* The settlement of Jewish immigrants in unpopulated areas has been a cornerstone of Zionism since its founding at the end of last century.

Jewish settlers, who have emerged as the main obstacle to implementing the Israeli-Palestinian peace accord, began moving to Israeli-occupied Arab territories after the 1967 Arab-Israeli conflict.

1947-48: United Nations decides to divide Palestine into separate Jewish and Arab states. Israel created by Jewish government. War erupts. Israel wins back half of land earmarked for Arabs.

1967: In war with Arabs, Israel captures the West Bank, Gaza, the Golan Heights, the Sinai Peninsula, and East Jerusalem.

1968: First Jewish settlers cross into the occupied West Bank.

1972: First settlement established at Kiryat Arba.

1974: Settlements outside Jerusalem established.

1977: Right-wing Likud Party wins election and makes settlement of occupied territories a central part of their platform.

1978: Camp David accord between Israel and Egypt paves the way for the return of the Sinai Peninsula to Egypt and the evacuation of some 5,000 settlers.
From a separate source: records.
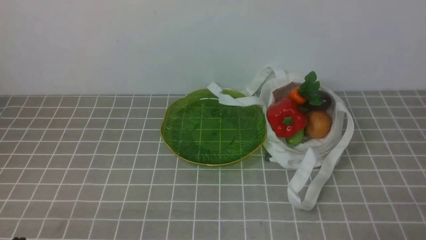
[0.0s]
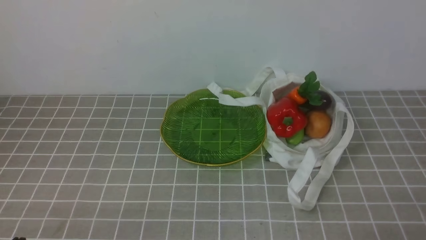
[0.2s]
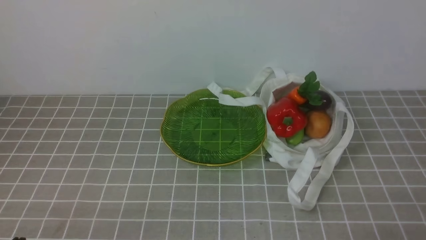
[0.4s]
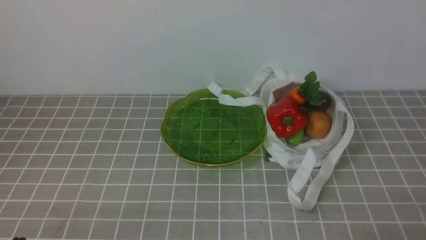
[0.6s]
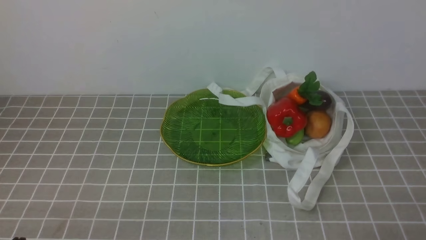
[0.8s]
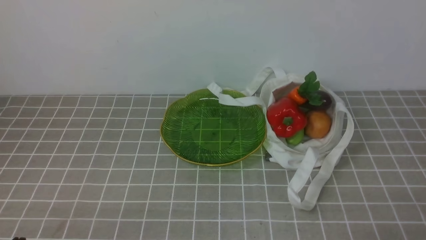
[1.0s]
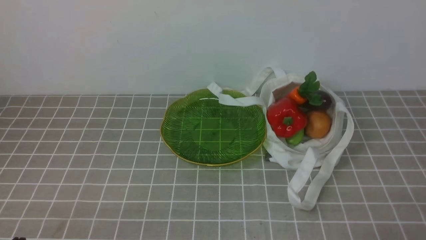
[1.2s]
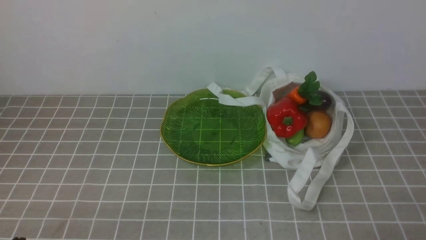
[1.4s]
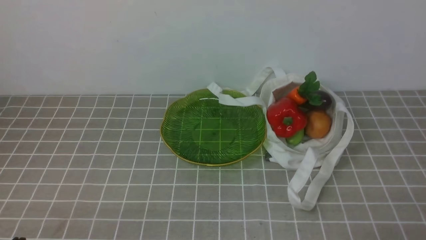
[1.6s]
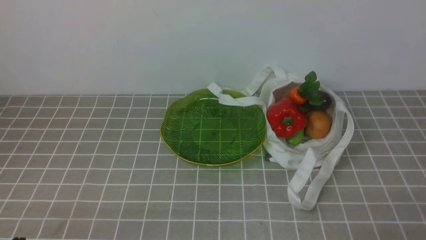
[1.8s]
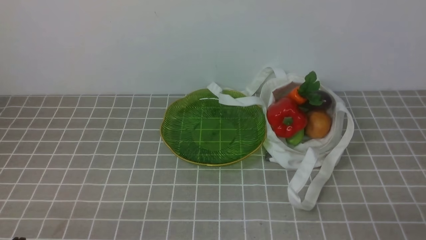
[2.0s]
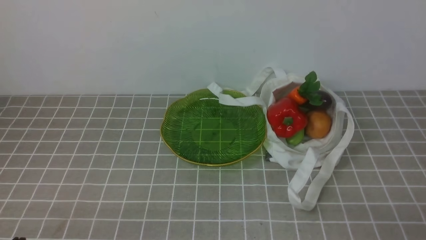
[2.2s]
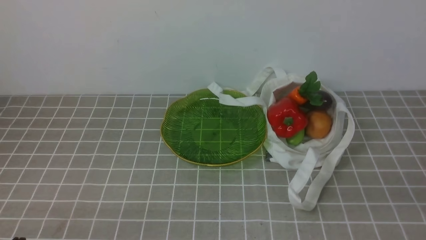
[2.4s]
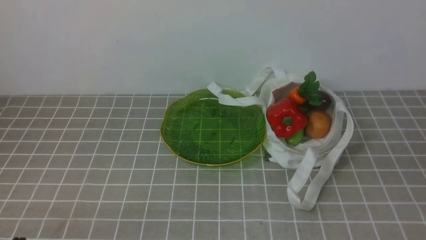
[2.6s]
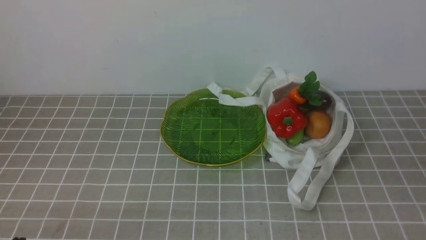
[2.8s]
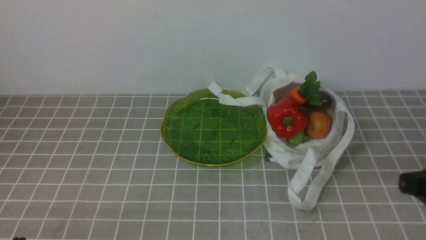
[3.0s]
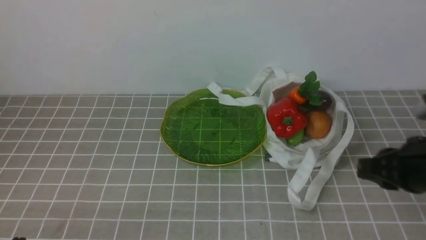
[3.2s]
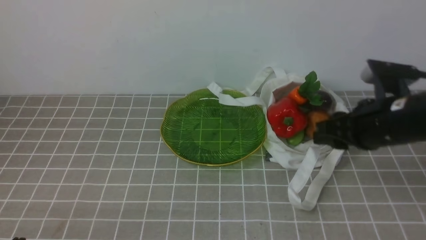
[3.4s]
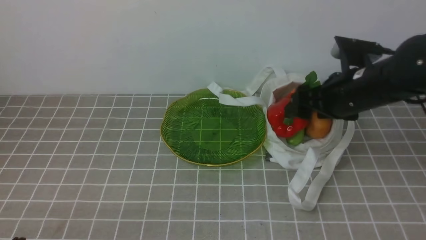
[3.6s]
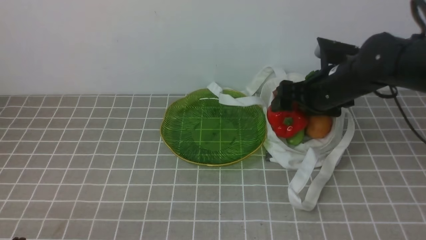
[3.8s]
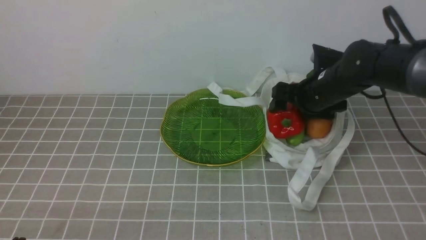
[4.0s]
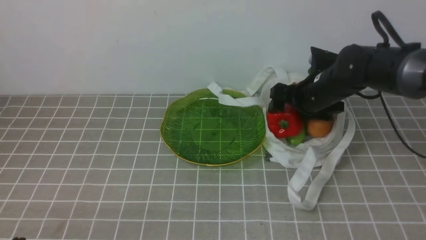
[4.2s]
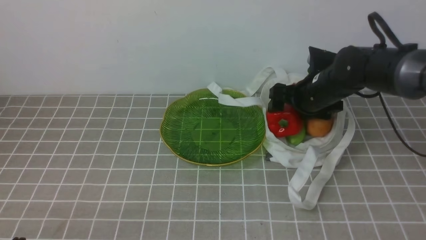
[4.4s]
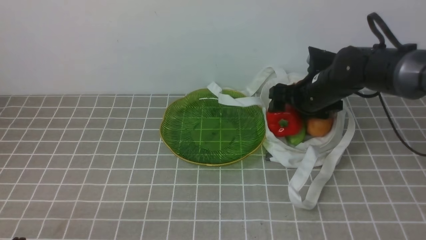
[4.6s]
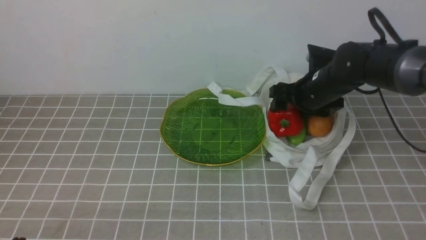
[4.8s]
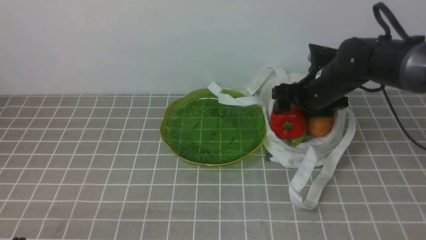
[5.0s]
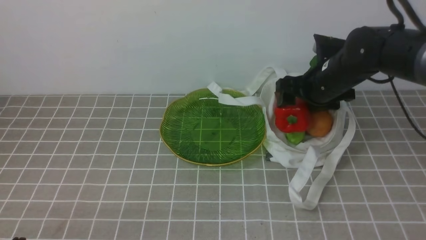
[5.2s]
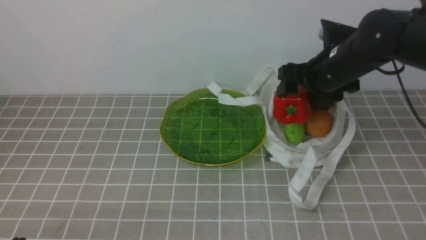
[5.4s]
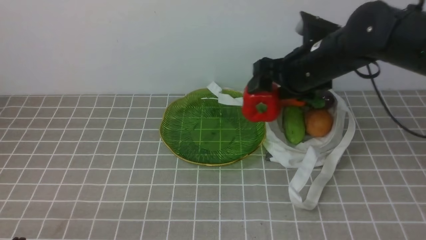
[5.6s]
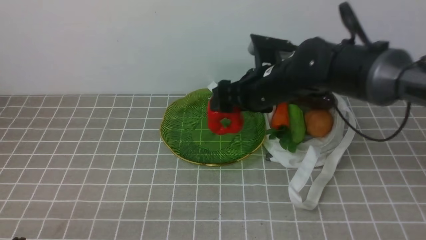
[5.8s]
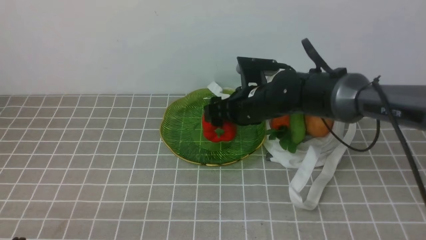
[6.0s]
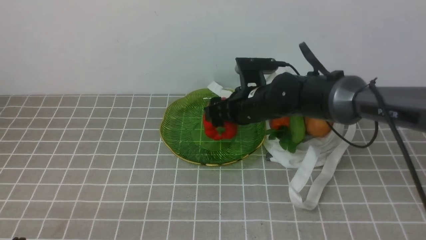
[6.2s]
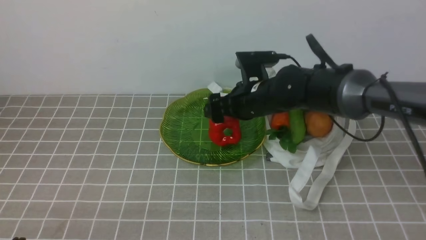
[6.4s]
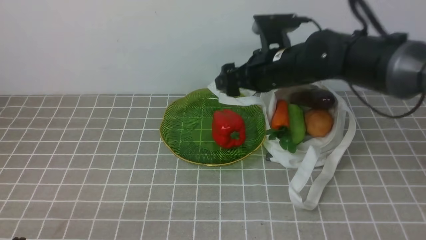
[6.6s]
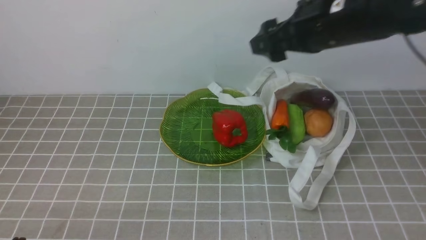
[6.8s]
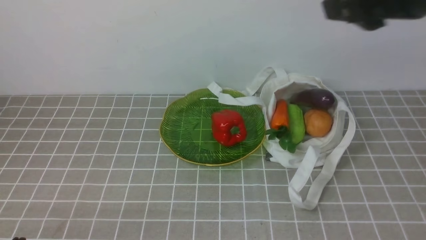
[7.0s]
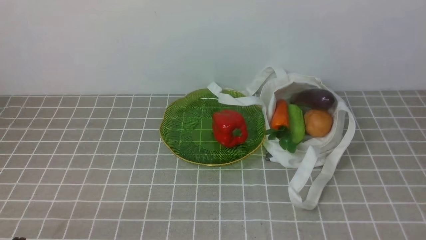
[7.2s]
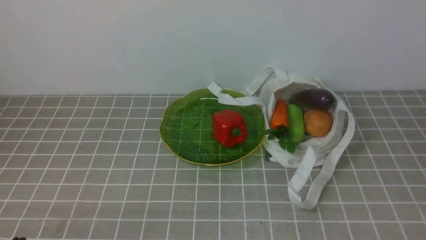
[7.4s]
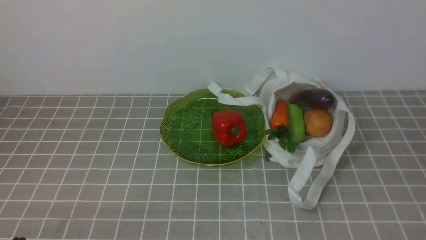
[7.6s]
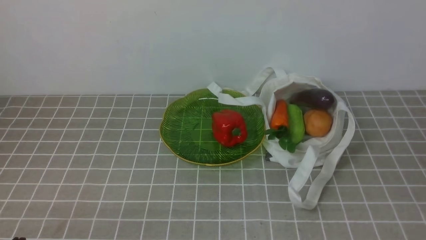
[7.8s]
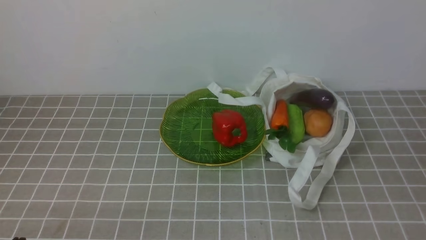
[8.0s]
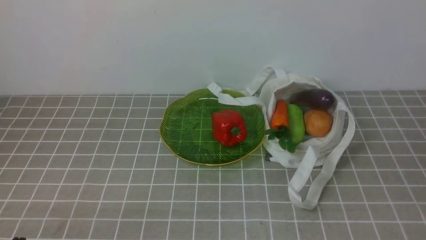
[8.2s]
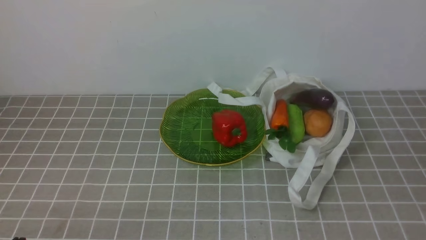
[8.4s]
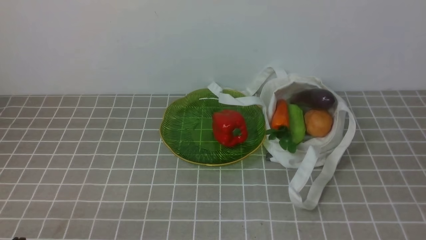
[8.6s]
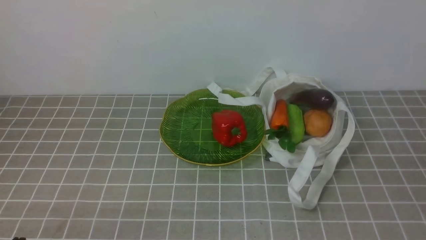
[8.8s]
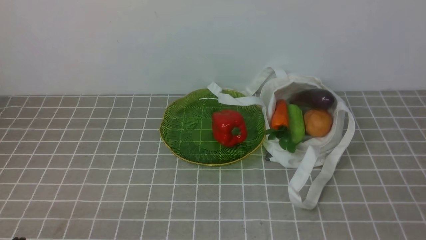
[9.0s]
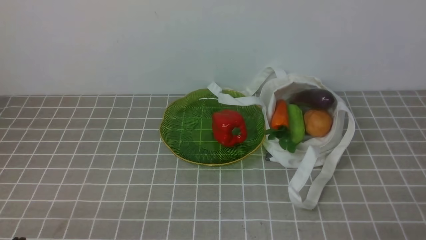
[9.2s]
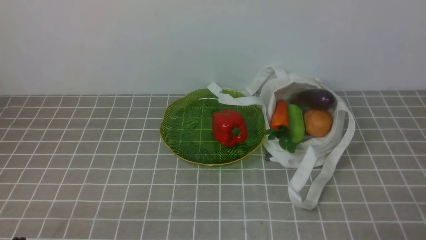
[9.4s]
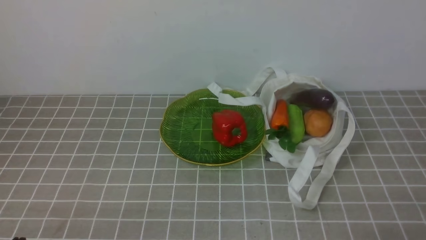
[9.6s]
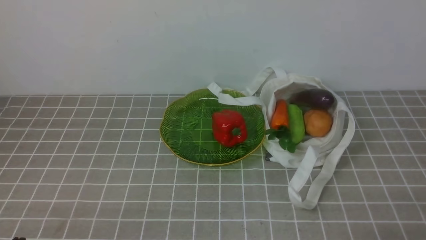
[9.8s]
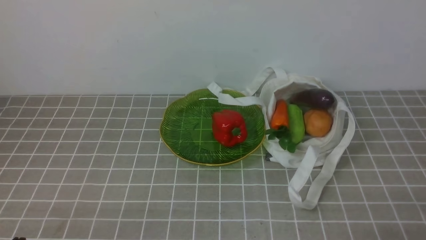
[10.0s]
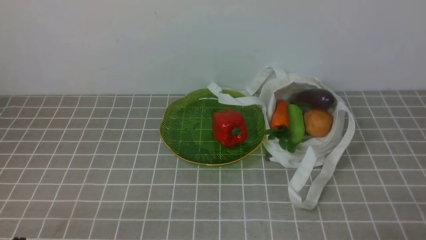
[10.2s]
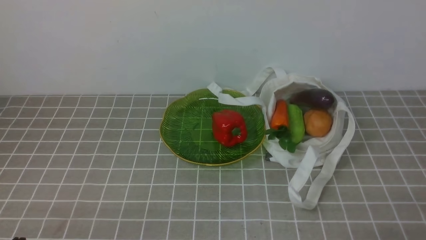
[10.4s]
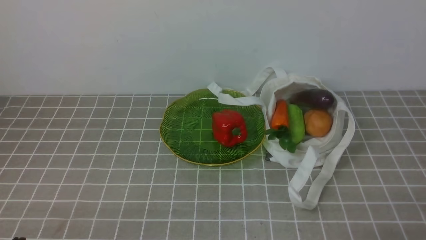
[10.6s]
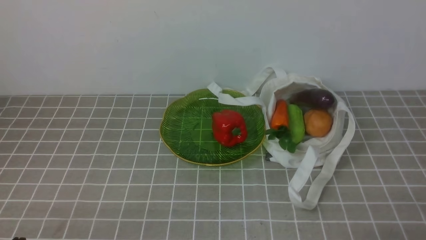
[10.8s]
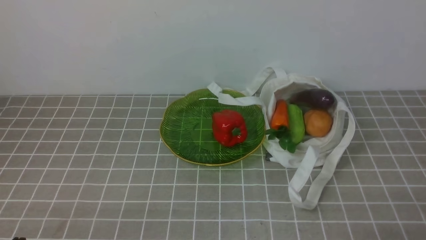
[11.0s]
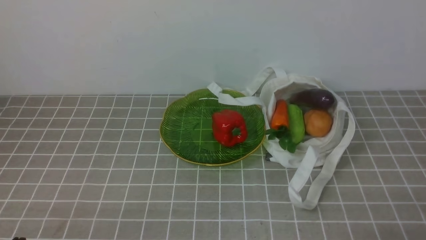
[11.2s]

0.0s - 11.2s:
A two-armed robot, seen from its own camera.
Task of the whole recording: take vegetables from bag on grey coffee tablecloth place on plate.
Step, 0.0s - 4.8s: Grasp the bell pepper with right gripper.
Step, 5.0s - 6.6s: Place the bell pepper on the plate with right gripper.
0.0s - 1.6s: The two grippers keep their place.
1.6s - 3.2s: The right gripper shifts roughly 20 cm forward and upward.
3.2s - 4.8s: The right gripper travels forward by some 20 cm, and opens its fingers.
4.8s - 6.4s: The right gripper moves to the left, some 10 cm.
6.4s - 8.0s: The right gripper moves backward and to the right, approximately 40 cm, and closes its fingers.
9.6s - 11.2s: Neither gripper changes place.

But settlement of the West Bank, Gaza, and Golan Heights accelerates.

1980: Israel annexes East Jerusalem. Settlement of East Jerusalem gains momentum.
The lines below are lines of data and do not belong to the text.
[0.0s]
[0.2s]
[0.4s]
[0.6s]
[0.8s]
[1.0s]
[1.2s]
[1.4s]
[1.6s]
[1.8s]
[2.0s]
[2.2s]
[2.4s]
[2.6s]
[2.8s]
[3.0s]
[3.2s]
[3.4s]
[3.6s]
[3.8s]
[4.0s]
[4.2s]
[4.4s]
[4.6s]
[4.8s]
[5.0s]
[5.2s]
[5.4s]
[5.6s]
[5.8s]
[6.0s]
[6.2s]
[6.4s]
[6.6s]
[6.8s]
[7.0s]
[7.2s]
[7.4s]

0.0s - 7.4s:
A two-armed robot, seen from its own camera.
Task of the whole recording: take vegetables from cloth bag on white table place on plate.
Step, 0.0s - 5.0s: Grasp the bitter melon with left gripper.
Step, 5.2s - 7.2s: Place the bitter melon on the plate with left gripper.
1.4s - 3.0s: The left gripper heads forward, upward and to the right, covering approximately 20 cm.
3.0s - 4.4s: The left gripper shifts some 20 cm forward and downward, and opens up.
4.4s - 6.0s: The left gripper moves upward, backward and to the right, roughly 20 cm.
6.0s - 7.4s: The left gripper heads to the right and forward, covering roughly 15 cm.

1992: Yitzhak Rabin becomes Israel's prime minister and pledges to prevent new ``political'' settlements. Israel-PLO peace talks begin.

1993: Settlements assured of continued existence under five-year peace accord leading to Palestinian self-rule. Final status of settlements to be resolved in talks beginning May 1996.

May 1994: Israel withdraws from Gaza and the West Bank enclave of Jericho.

December 1994: Palestinians protest expansion of Efrat settlement near Jerusalem. Israel brokers deal for developing an alternative site.

January 1995: Israel approves expansion of two large settlements close to Jerusalem.